4.2 Reversing an Array (Eloquent JavaScript Solutions)

4-2 Eloquent Javascript Solutions.js

function reverseArray(array) {
  result = [];
  for (let item of array) {
    result.unshift(item);
  }
  return result;
}

function reverseArrayInPlace(array) {
  let len = array.length;
  for (let i = 0; i < Math.floor(len/2); i++) {
    console.log(i, len-i-1, array[i], array[len-i-1], array);
    let swap = array[i];
    array[i] = array[len-i-1];
    array[len-i-1] = swap;
  }
  return array;
}

console.log(reverseArray(["A", "B", "C"]));
// → ["C", "B", "A"];
let arrayValue = [1, 2, 3, 4, 5];
reverseArrayInPlace(arrayValue);
console.log(arrayValue);
// → [5, 4, 3, 2, 1]
let arrayValue2 = [1, 2, 3, 4];
reverseArrayInPlace(arrayValue2);
console.log(arrayValue2);
// → [4, 3, 2, 1]

I want to know how are these two let i of [...arr] and let i of arr operate, for example:

let arr = [1, 2, 3, 4, 5];
function reverseArrayInPlace(arr) {
  for (let i of [...arr]) {
    arr.unshift(i);
    arr.pop();
  }
  return arr;
}
reverseArrayInPlace(arr);
console.log(arr);
//result=>  [5, 4, 3, 2, 1]

and this one :

let arr = [1, 2, 3, 4, 5];
function reverseArrayInPlace(arr) {
  for (let i of arr) {
    arr.unshift(i);
    arr.pop();
  }
  return arr;
}
reverseArrayInPlace(arr);
console.log(arr);
//result=> [1, 1, 1, 1, 1]

I tried to console.log both of them (i) to see the difference, but I can't see none:

let arr = [1, 2, 3, 4, 5];
function reverseArrayInPlace(arr) {
  for (let i of arr) {
    console.log(i);
  }

  return arr;
}
reverseArrayInPlace(arr);
//result=> 1 2 3 4 5

let arr = [1, 2, 3, 4, 5];
function reverseArrayInPlace(arr) {
  for (let i of [...arr]) {
    console.log(i);
  }

  return arr;
}
reverseArrayInPlace(arr);
//result=> 1 2 3 4 5

function reverseArray(arr){
arr.reverse();
return arr;
}
function reverseArrayInPlace(a){
return reverseArray(a);
}
console.log(reverseArray(["A", "B", "C"]));
// → ["C", "B", "A"];
let arrayValue = [1, 2, 3, 4, 5];
reverseArrayInPlace(arrayValue);
console.log(arrayValue);
// → [5, 4, 3, 2, 1]

The answer to my previous question is simple:
let arr = [1, 2, 3, 4, 5]; function reverseArrayInPlace(arr) { for (let i of [...arr]) { arr.unshift(i); arr.pop(); } return arr; } reverseArrayInPlace(arr); console.log(arr); //result=> [5, 4, 3, 2, 1]
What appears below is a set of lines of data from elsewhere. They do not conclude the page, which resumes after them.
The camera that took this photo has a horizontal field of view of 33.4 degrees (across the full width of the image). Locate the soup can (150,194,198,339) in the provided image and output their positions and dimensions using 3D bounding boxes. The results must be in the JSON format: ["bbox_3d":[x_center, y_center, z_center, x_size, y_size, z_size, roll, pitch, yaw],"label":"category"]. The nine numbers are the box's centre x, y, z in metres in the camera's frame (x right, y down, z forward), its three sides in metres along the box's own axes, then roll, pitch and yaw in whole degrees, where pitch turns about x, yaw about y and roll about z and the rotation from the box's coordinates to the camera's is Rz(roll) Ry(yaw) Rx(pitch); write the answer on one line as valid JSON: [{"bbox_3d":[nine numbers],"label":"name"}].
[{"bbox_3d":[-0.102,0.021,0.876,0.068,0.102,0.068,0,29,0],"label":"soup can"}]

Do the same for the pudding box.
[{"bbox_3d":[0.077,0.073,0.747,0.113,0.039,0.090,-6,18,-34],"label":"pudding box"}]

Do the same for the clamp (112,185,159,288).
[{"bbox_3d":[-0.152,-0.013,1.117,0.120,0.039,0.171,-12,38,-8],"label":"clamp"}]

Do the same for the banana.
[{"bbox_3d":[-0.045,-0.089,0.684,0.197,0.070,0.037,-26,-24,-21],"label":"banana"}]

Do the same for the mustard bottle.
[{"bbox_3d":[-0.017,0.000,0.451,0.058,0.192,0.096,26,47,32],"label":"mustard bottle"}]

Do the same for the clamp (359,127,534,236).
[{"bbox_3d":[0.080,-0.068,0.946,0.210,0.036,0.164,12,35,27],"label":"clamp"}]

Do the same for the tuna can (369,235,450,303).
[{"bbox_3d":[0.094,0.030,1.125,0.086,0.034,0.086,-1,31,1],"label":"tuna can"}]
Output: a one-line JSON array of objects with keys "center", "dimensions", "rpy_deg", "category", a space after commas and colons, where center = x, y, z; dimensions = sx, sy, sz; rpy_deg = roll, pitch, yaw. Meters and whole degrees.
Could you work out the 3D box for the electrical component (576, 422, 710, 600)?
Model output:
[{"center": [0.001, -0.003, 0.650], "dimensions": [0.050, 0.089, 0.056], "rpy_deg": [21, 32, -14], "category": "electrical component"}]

In this snippet, the reverseArrayInPlace function attempts to reverse the elements of the array by iteratively removing the last element of the array and inserting it at the beginning using unshift and pop operations. However, the loop for (let i of [...arr]) creates a new array arr using the spread operator [...arr], which effectively creates a shallow copy of the original array arr. Therefore, the loop iterates over the shallow copy of the original array in its original order and reverses the original array. Consequently, the output will be [5, 4, 3, 2, 1].

let arr = [1, 2, 3, 4, 5]; function reverseArrayInPlace(arr) { for (let i of arr) { arr.unshift(i); arr.pop(); } return arr; } reverseArrayInPlace(arr); console.log(arr); //result=> [1, 1, 1, 1, 1]

In this snippet, the reverseArrayInPlace function also attempts to reverse the elements of the array using the same approach. However, in this case, the loop for (let i of arr) directly iterates over the original array arr. The issue with this code is that modifying an array while iterating over it.